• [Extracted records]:
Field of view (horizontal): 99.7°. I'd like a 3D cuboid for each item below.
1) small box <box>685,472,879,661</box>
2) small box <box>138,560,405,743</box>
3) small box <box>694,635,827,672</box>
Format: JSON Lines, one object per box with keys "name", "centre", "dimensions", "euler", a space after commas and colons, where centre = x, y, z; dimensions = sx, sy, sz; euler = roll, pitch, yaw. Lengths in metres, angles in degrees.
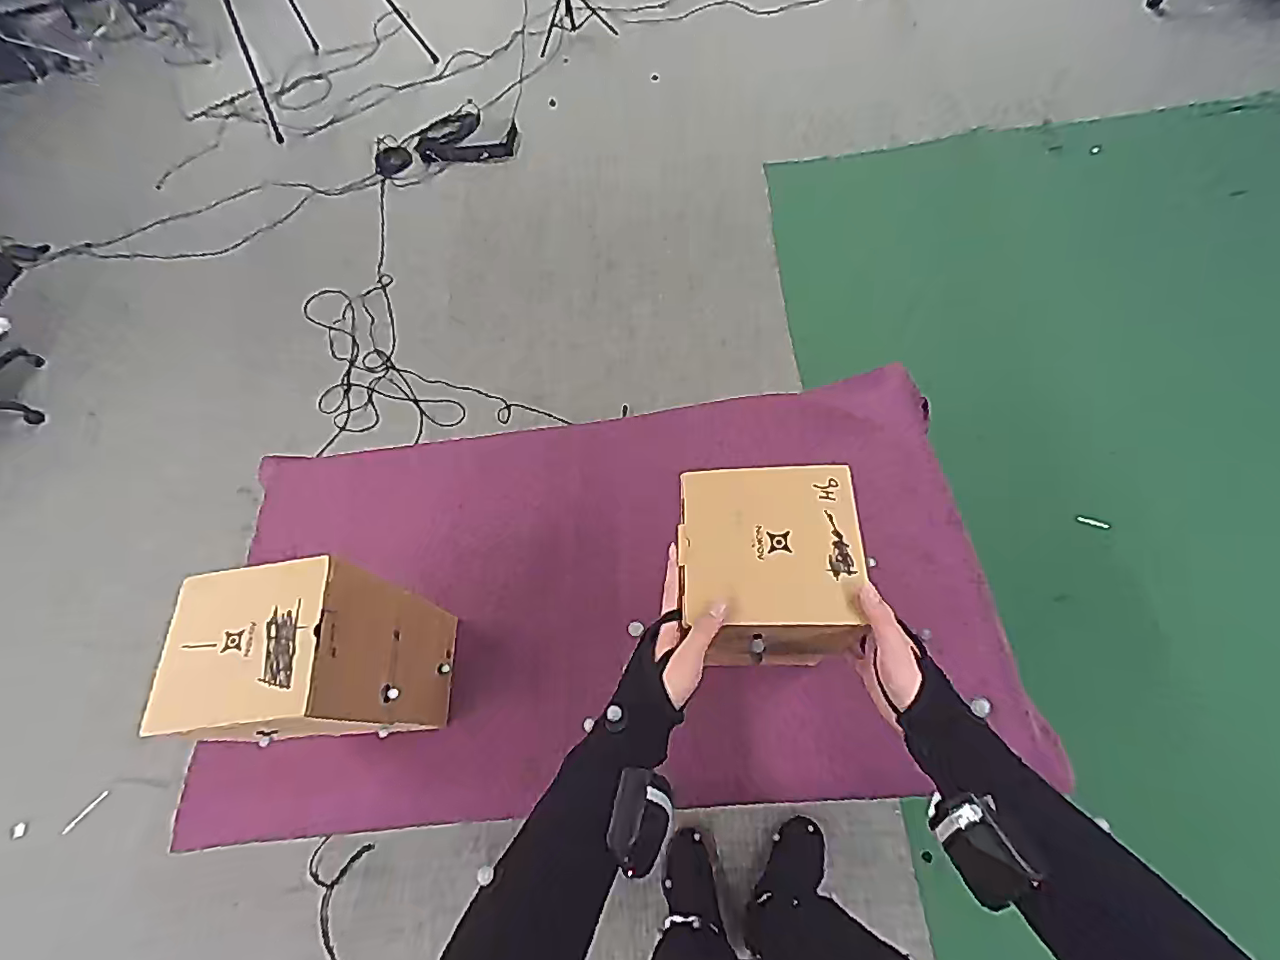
{"name": "small box", "centre": [0.145, 0.104, 0.602], "dimensions": [0.179, 0.176, 0.168], "euler": [-2, 63, 8]}
{"name": "small box", "centre": [-0.395, 0.203, 0.620], "dimensions": [0.179, 0.176, 0.168], "euler": [-8, 62, 4]}
{"name": "small box", "centre": [0.165, 0.169, 0.752], "dimensions": [0.179, 0.176, 0.168], "euler": [-2, 63, 8]}

• [ACTION ITEM]: Output, exactly and in full, the lines from the start of the entries above through the line that contains "3) small box <box>694,635,827,672</box>".

• [COMPLETED TASK]:
Field of view (horizontal): 99.7°. I'd like a 3D cuboid for each item below.
1) small box <box>685,472,879,661</box>
2) small box <box>138,560,405,743</box>
3) small box <box>694,635,827,672</box>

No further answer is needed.